As to the shoot, Church said, “It was intense. And Billy really pushes the pace—he wants to keep the energy really moving, and the last scene is thirty pages long. He wants it in real human time, as much as the process of making movies can allow for that. And we really had to build that whole scene, up to the very end. Billy wanted it to play in real human time. We served that as best we could.”

There’s a good deal of dark comedy in the piece, though—including a hilarious moment involving Ansel, Sharla and a wayward thread on the elbow of a tattered old sportscoat. Church recalled it was a hard scene to make work. “They had to rig at least a half-dozen of those jackets with the sleeve, and we couldn’t get it right,” he laughed. “When Gina would reach over and just nonchalantly [tug]—what’s funny is that the whole set-up is that I’m looking at it, and looking at it, and it’s an irritant, and she is sort of chastising me and yanks it, and the whole thing falls down—it took a lot of rigging, and there was a guy that had like a fish-line. We kept doing it. It would flop down and looked too stagy. I could just see it peripherally, but when it happened very naturally, everybody in the room knew that was the one. And they checked the camera right away to make sure that we had it. Those things, when they happen in life, they happen organically. But when you’re trying to manufacture it, you’ve got everything working against you.”

And despite all the nastiness in the NC-17-rated picture, Church said, “There’s a certain filthy innocence to it, to all of it. What Tracy always strives for in his writing, including ‘Bug,’ no matter what the circumstances—I think that there’s still some faint destination of innocence. It’s a very psychologically complex script…[that confronts] an age-old question: what is the crime, and what punishment does it deserve?”
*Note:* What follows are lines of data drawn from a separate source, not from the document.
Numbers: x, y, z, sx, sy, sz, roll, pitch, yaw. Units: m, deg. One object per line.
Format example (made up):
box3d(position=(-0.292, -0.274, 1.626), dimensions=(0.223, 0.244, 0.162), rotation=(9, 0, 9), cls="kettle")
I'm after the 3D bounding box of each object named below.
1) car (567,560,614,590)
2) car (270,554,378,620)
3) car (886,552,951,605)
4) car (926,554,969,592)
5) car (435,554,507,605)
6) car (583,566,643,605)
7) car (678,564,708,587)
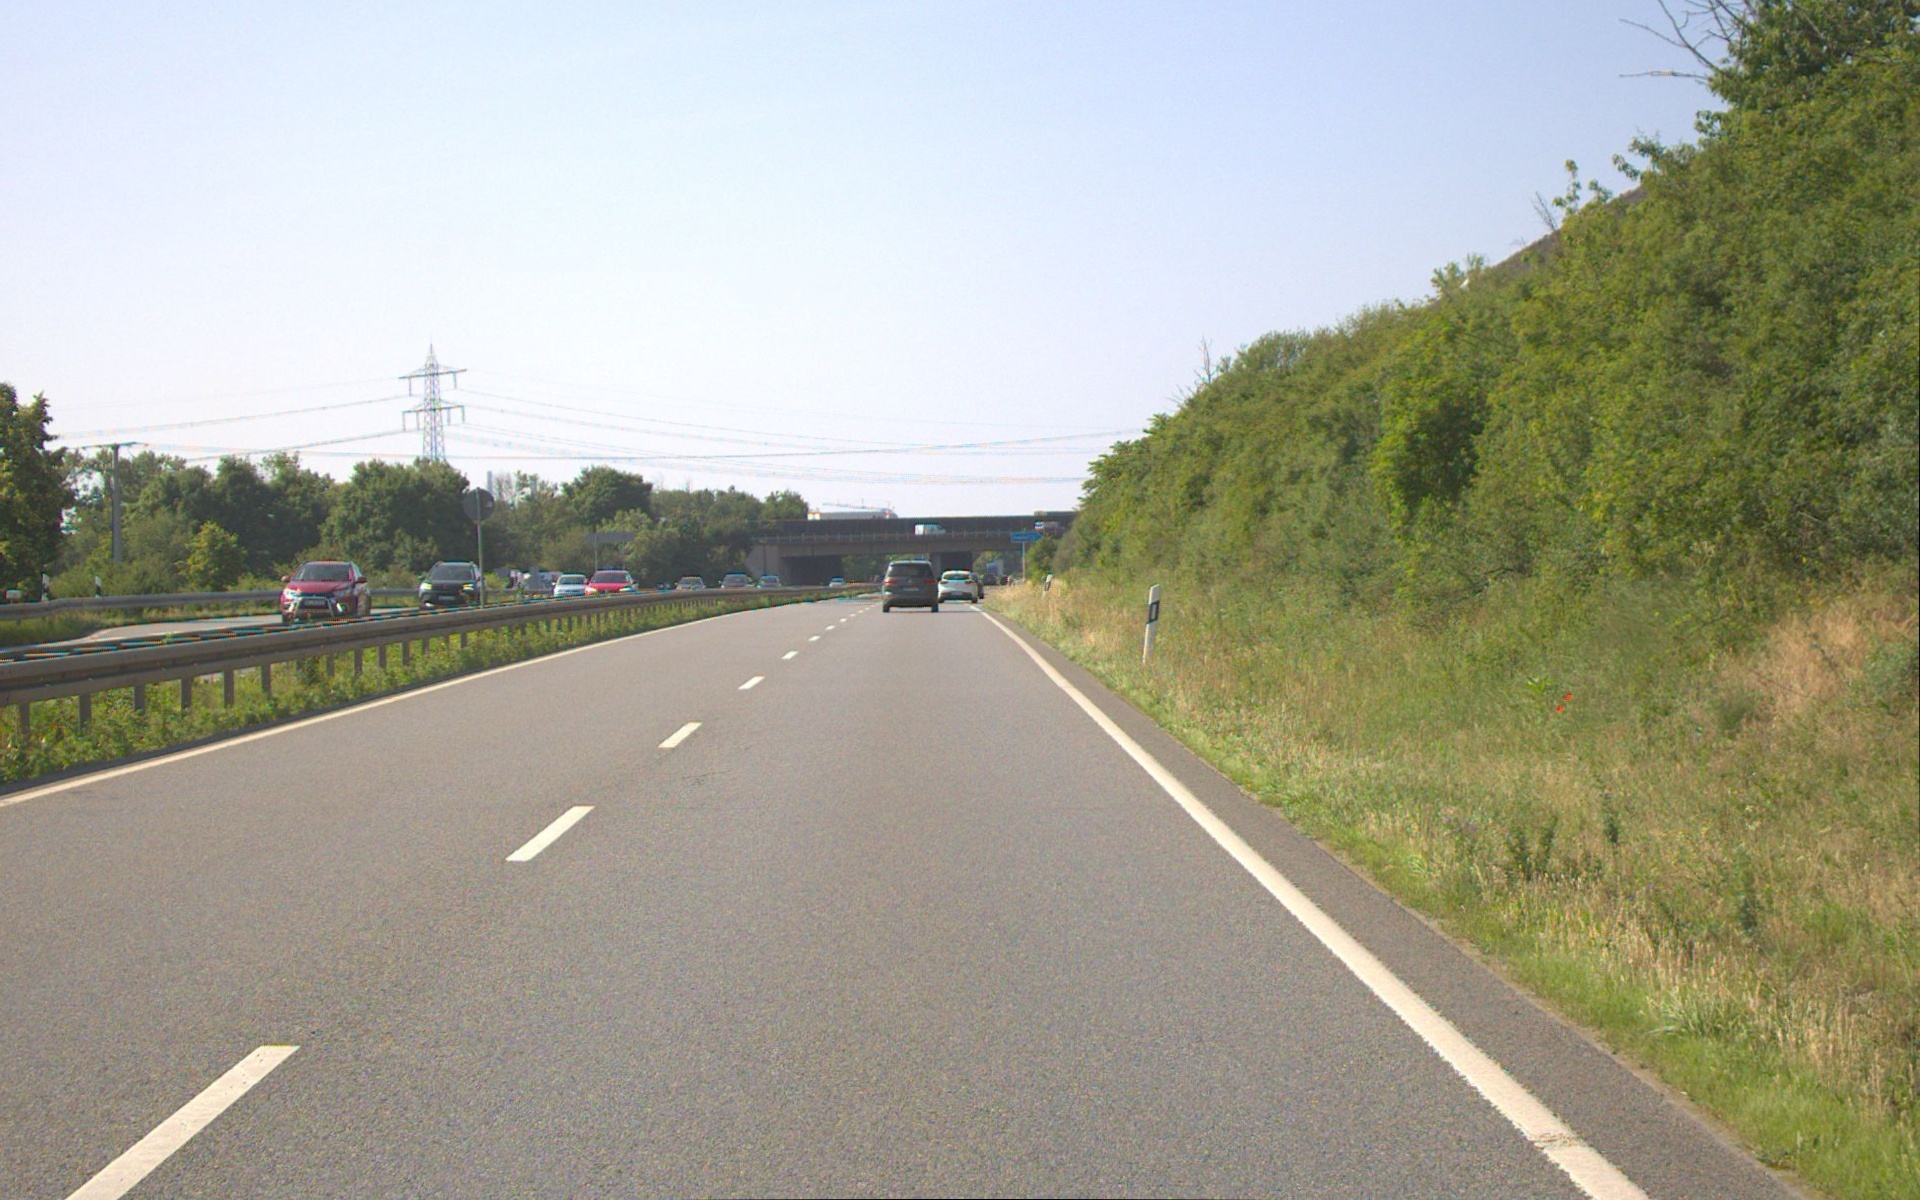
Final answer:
box3d(position=(-17.865, -1.227, 166.424), dimensions=(1.821, 1.391, 4.415), rotation=(1, 1, 0), cls="car")
box3d(position=(-15.980, -0.352, 86.606), dimensions=(1.843, 1.587, 4.774), rotation=(1, 1, 0), cls="car")
box3d(position=(-1.299, -0.669, 109.301), dimensions=(1.850, 1.639, 4.000), rotation=(-1, 0, 2), cls="car")
box3d(position=(-0.549, -1.231, 154.684), dimensions=(1.796, 1.659, 4.000), rotation=(1, 1, 2), cls="car")
box3d(position=(-15.468, -0.660, 108.983), dimensions=(1.726, 1.590, 4.221), rotation=(0, 1, 0), cls="car")
box3d(position=(-13.443, -0.586, 133.366), dimensions=(1.876, 1.488, 5.095), rotation=(0, 0, -1), cls="car")
box3d(position=(-17.421, -1.612, 224.481), dimensions=(1.713, 1.445, 4.324), rotation=(-1, 1, -2), cls="car")

The Dallas connection was, Church noted, an important element of the script. “Tracy…lived in Dallas for awhile,” he said. “And the origins of the story are absolutely from Dallas. I think he did live in a very bad hotel or motel over on Harry Hines. And trust me, whenever we went to the locations in New Orleans—and I lived in Dallas for a number of years, and in Fort Worth—and Billy would ask, ‘What do you think?’ I’d go, ‘There’s plenty of places like this on the real Harry Hines, trust me.’ I know…they’re trying to rebuild and renovate, but Harry Hines was a pretty desperate spur when I was roaming Dallas in the eighties.”
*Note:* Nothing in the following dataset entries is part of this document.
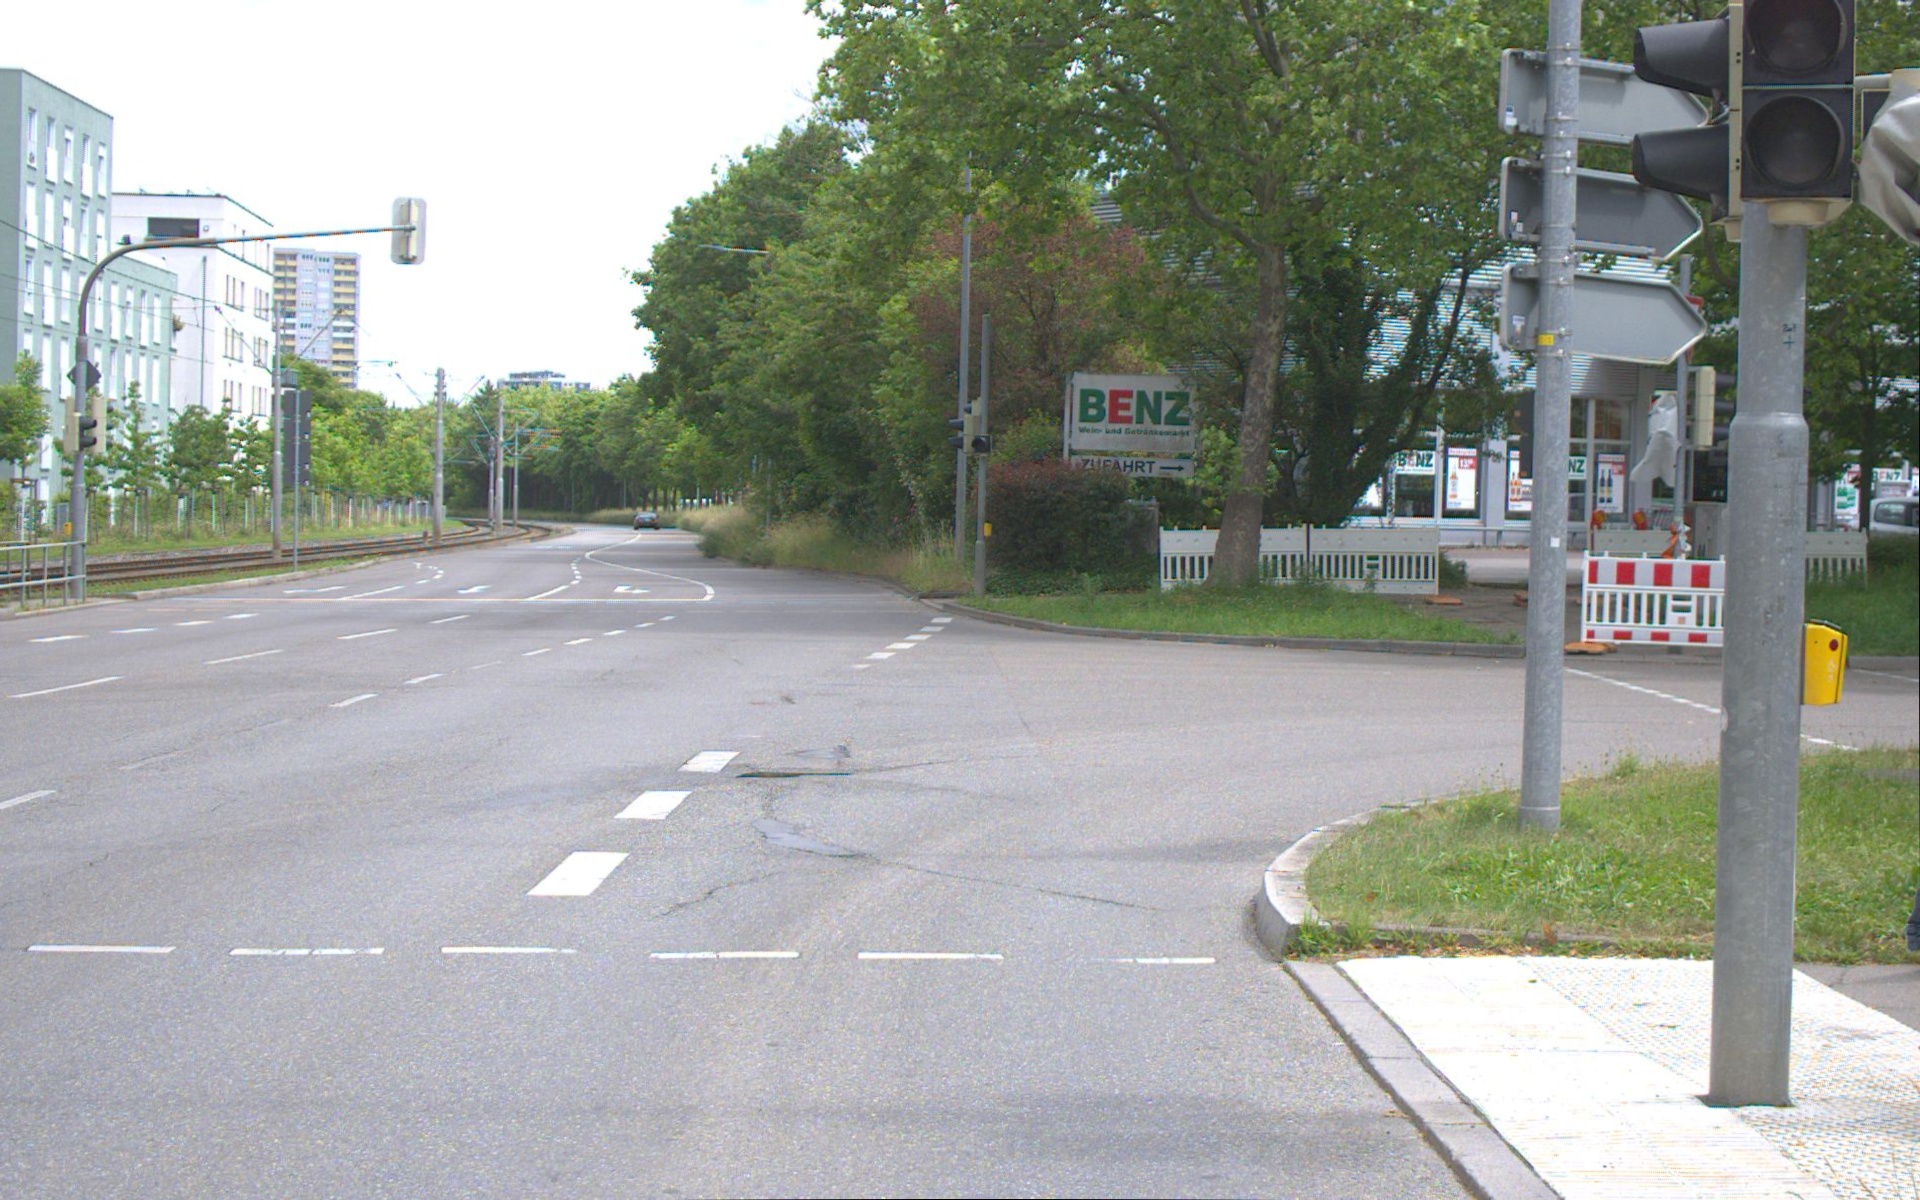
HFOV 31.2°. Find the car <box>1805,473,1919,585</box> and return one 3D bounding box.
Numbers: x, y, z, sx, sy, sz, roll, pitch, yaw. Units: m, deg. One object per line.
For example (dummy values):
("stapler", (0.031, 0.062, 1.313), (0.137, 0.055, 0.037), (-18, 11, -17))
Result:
("car", (17.712, -1.302, 63.127), (1.993, 2.007, 4.000), (0, 2, -32))

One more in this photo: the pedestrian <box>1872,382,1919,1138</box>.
("pedestrian", (2.849, 0.378, 8.178), (1.012, 1.768, 0.946), (2, 2, 36))

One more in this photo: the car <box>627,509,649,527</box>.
("car", (-24.537, -6.256, 262.271), (1.594, 1.349, 4.001), (1, 1, -5))

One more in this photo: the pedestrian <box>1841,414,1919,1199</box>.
("pedestrian", (2.030, 0.511, 6.157), (0.823, 1.665, 0.733), (1, 2, 17))

Church had attended a screening of the film, sponsored by the Dallas Film Institute, the previous evening—the first time he’d seen it with an audience—and said, “It was very, very revitalizing to see [the audience] react the way they did.”
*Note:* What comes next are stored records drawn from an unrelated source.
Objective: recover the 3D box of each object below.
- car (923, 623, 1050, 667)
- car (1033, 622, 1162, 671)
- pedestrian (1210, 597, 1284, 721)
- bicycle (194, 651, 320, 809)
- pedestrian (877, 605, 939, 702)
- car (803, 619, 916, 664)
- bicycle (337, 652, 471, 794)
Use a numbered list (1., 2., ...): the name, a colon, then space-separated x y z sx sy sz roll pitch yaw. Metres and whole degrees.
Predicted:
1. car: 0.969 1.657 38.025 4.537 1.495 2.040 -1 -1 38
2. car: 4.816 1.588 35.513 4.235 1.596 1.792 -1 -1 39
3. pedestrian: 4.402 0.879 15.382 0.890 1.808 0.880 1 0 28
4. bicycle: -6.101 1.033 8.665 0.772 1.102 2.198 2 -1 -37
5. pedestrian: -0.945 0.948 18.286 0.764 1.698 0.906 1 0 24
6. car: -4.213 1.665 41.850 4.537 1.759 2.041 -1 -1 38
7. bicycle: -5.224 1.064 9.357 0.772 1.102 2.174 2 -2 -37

He added, “I had really hoped we were going to get to shoot here. My parents live outside of Denton, and I have a brother that lives in Dallas. But it’s always about the filthy lucre. Texas just doesn’t compete with a lot of the other states” in providing subsidies for local productions. While in Austin, he recalled, he visited legislators and “spent twenty minutes filibustering about how non-competitive Texas is, with so many other places in the United States and Canada. It’s particularly lamentable for me, a Texan, that a movie that’s set in Texas, that could easily have been shot in Dallas, we ended up having to shoot in New Orleans. I have family here—I have two sisters that live in Austin, and I live between Kerrville and Uvalde. I would have loved to work in Dallas.”